Add in Oakland City Attorney Barbara Parker’s statement that the City of Oakland wasn’t aware of coal in the project until 2015, when they were the ones who found it via the Tioga Study in 2011, and that was the last straw for me. The mainstream media was acting like it was bought and paid for by the environmental lobby; some organization charged with getting out the real truth was needed. Enter Zennie62Media, Inc and Oakland News Now.
In closing, the City of Oakland should stop this awful pattern of anti-economic development practices.
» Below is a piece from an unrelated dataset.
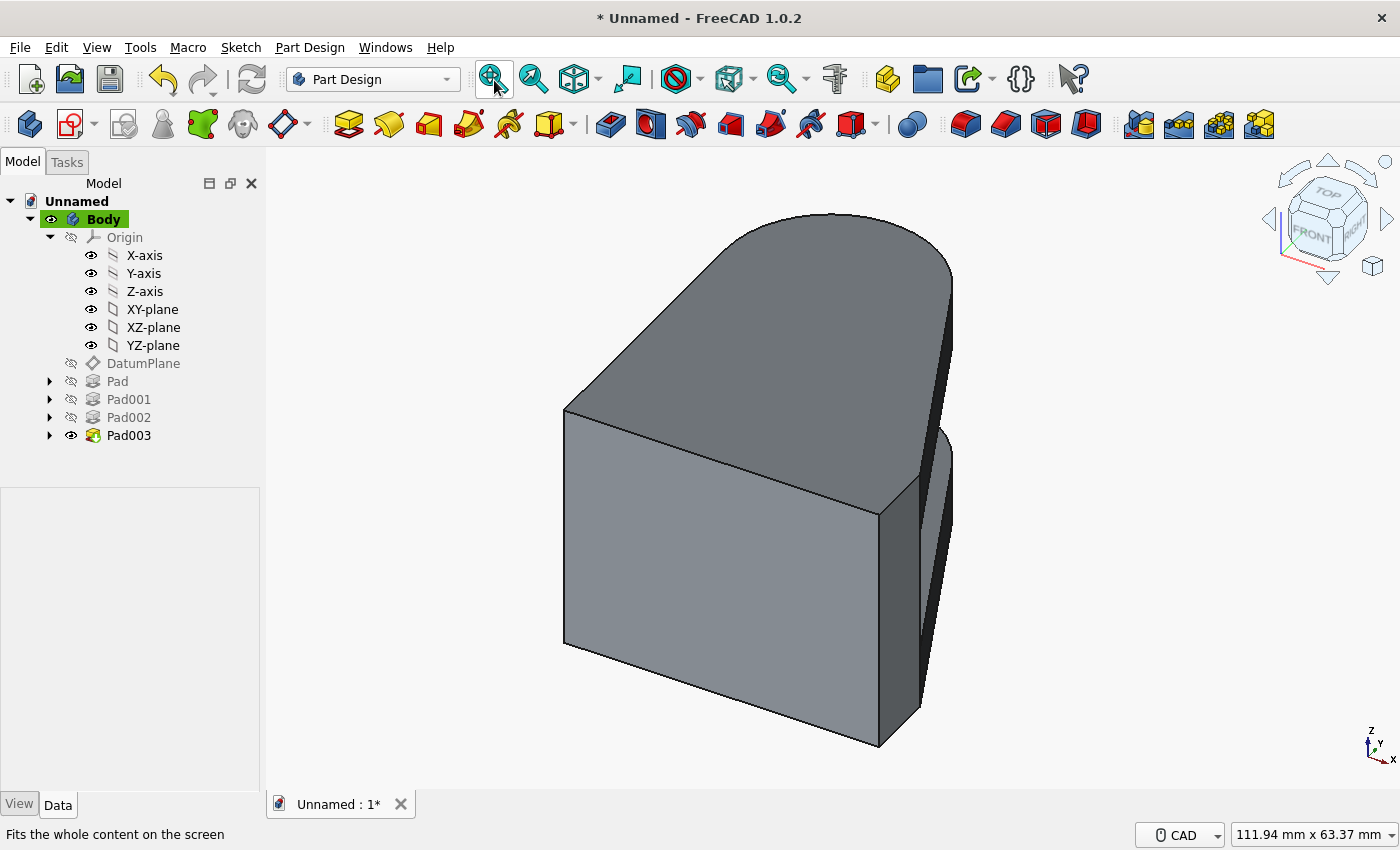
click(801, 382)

From not using tax increment financing to save the Kaiser Headquarters Project, to the current failure to call on the Federal Government to get emergency disaster money to it in the wake of the most destructive protests in the city’s history, to the continued spending on the legal fees for fighting Phil Tagami as if it was a drunken sailor, to the loss of the Oakland Raiders and the Golden State Warriors, the City sends the basic message that it does not really know how to create jobs.
And it sends that message at a time when Oaklanders are counting on the City of Oakland to really know what it’s doing. Our very quality of life is taking a giant nose-dive because Oakland’s government is afraid to act, and only knows how to levy taxes, file lawsuits, and stop development. That’s not a formula for economic development success.